Dotkliwe punktowanie
Już w połowie sparingu Błyskawicy Drogomyśl z „dwójką” Podbeskidzia Bielsko-Biała wskazanie zwycięzcy nie było żadnym wyzwaniem.
Trener V-ligowca Krystian Papatanasiu potraktował premierową odsłonę sparingu wybitnie szkoleniowo. W sprawdzanym w przypadku Błyskawicy ustawieniu 4-4-2 jego zespół zaprezentował się – delikatnie rzecz ujmując – przeciętnie. – Boleśnie zostaliśmy wypunktowani. Z tak mocnym przeciwnikiem to ustawienie okazało się nieodpowiednie przy popełnianych błędach. Nasza postawa z pierwszej części nie jest jedynym zmartwieniem. Z poważną kontuzją boisko opuścić musiał Vitalyi Miklosh, więc nasza kadra znów doznała uszczuplenia – zaznacza szkoleniowiec drogomyślan.
Otwarcie wyniku test-meczu nastąpiło już po 120. sekundach, gdy Mateusza Pońca pokonał Michał Stempniewicz. W 28. minucie zrobiło się 2:0 po świetnie wykonanym rzucie wolnym przez Filipa Iwańskiego. W końcówce bielszczanie dołożyli kolejne ciosy. Paweł Tomczyk w 40. minucie nie pomylił się „z wapna”, a w 44. minucie przytomną dobitką popisał się Grzegorz Janusz. Równie pazerni na gole zawodnicy rezerw Podbeskidzia nie byli po zmianie stron i następnego trafienia doczekali dopiero w 90. minucie, kiedy Mateusz Ziółkowski dobił uderzenie Nikodema Gancarczyka. Kilkadziesiąt sekund wcześniej padła bramka honorowa – sytuację „oko w oko” z golkiperem bielskiego IV-ligowca sfinalizował Bartłomiej Szołtys.
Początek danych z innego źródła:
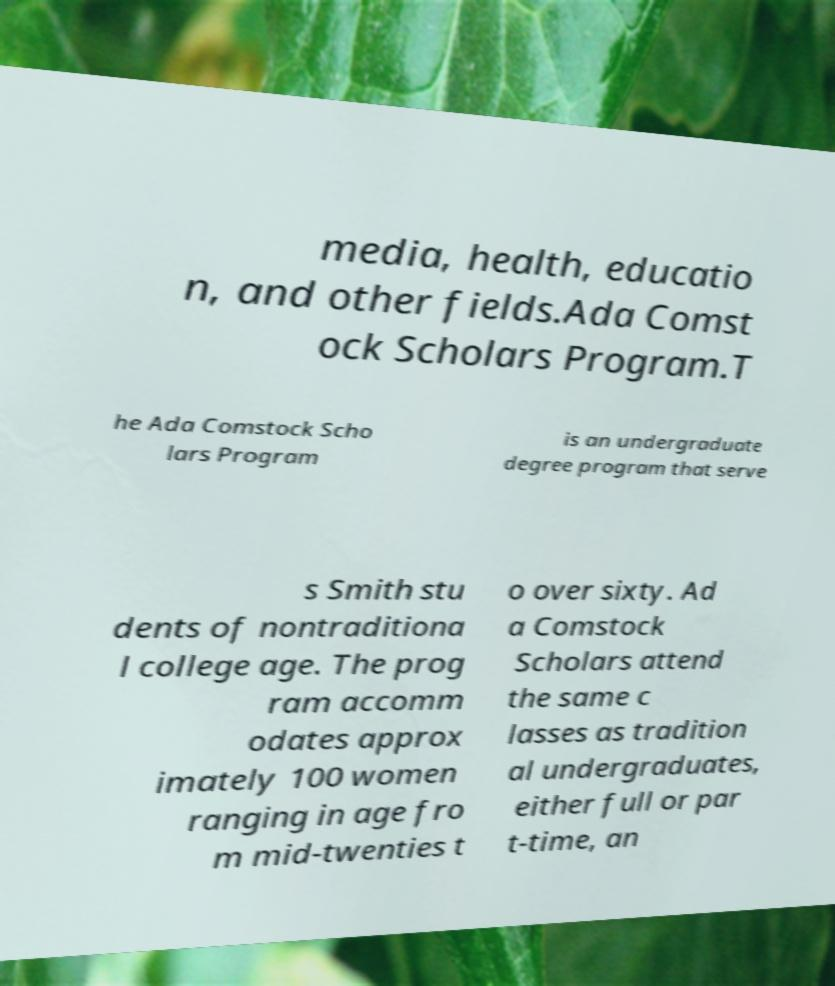What messages or text are displayed in this image? I need them in a readable, typed format. media, health, educatio n, and other fields.Ada Comst ock Scholars Program.T he Ada Comstock Scho lars Program is an undergraduate degree program that serve s Smith stu dents of nontraditiona l college age. The prog ram accomm odates approx imately 100 women ranging in age fro m mid-twenties t o over sixty. Ad a Comstock Scholars attend the same c lasses as tradition al undergraduates, either full or par t-time, an 
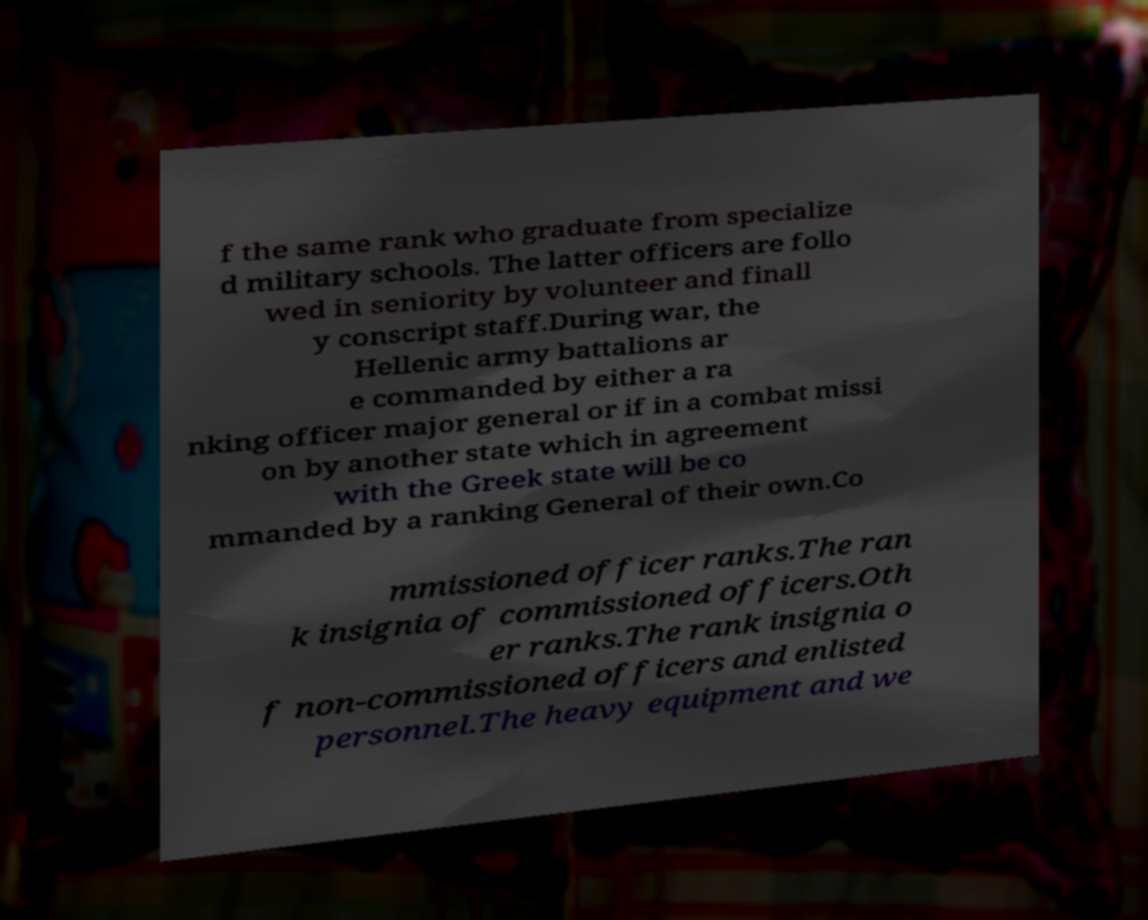Could you extract and type out the text from this image? f the same rank who graduate from specialize d military schools. The latter officers are follo wed in seniority by volunteer and finall y conscript staff.During war, the Hellenic army battalions ar e commanded by either a ra nking officer major general or if in a combat missi on by another state which in agreement with the Greek state will be co mmanded by a ranking General of their own.Co mmissioned officer ranks.The ran k insignia of commissioned officers.Oth er ranks.The rank insignia o f non-commissioned officers and enlisted personnel.The heavy equipment and we 
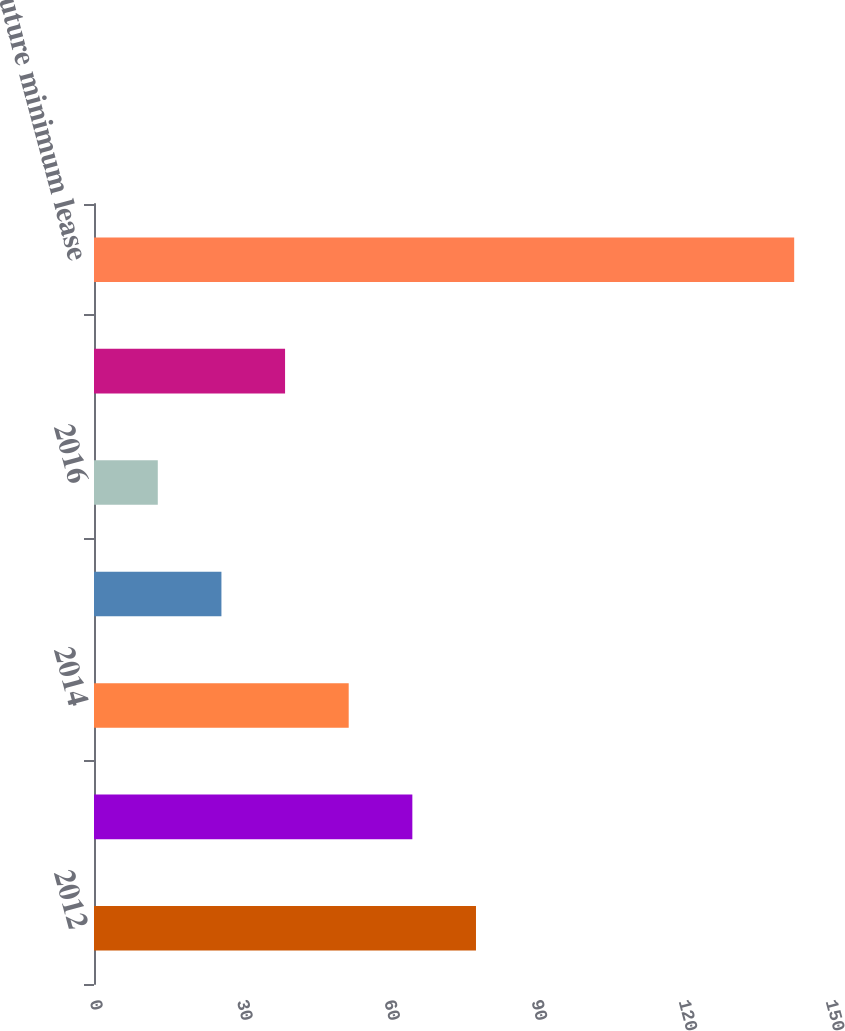Convert chart to OTSL. <chart><loc_0><loc_0><loc_500><loc_500><bar_chart><fcel>2012<fcel>2013<fcel>2014<fcel>2015<fcel>2016<fcel>Thereafter<fcel>Total future minimum lease<nl><fcel>77.85<fcel>64.88<fcel>51.91<fcel>25.97<fcel>13<fcel>38.94<fcel>142.7<nl></chart> 
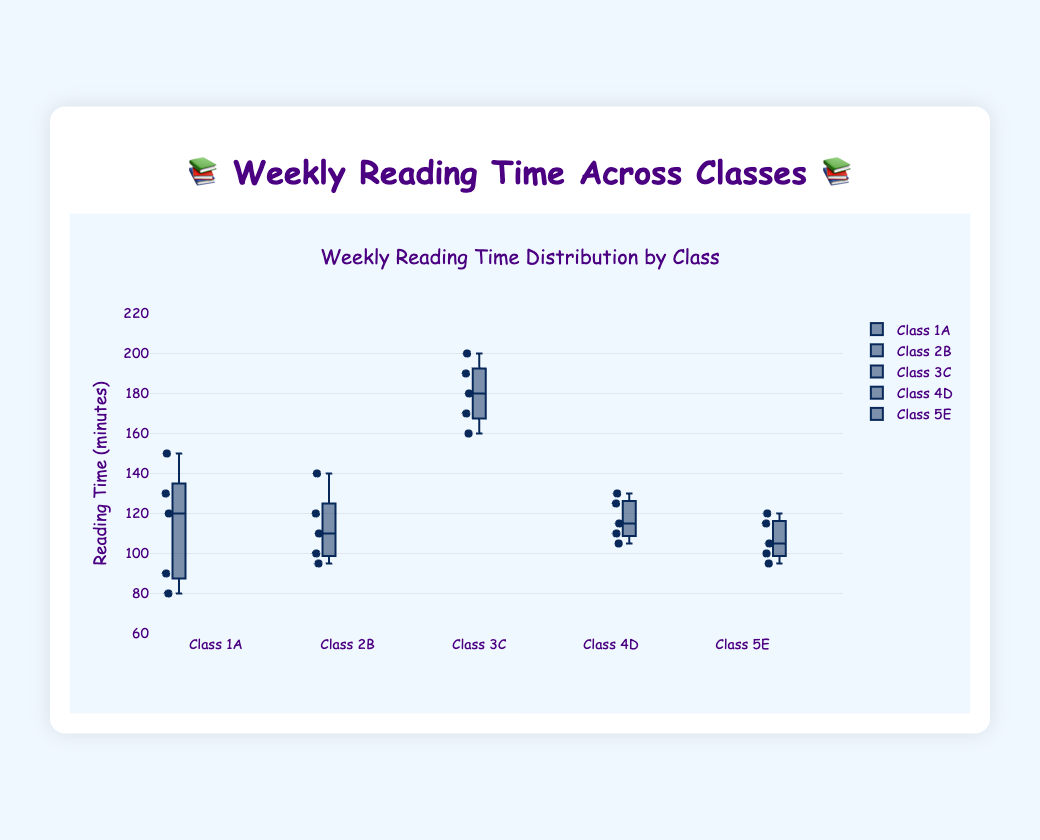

Efektowna wygrana „dwójki” Podbeskidzia zwiastuje zwyżkę formy? – Mamy wciąż różne momenty w naszej grze, także takie, w których brakuje płynności i dokładności. Stać nas na więcej. A wysokie zwycięstwo? Mierzyliśmy się jednak z przeciwnikiem występującym ligę niżej – tonuje nastroje trener bielszczan Tomasz Górkiewicz.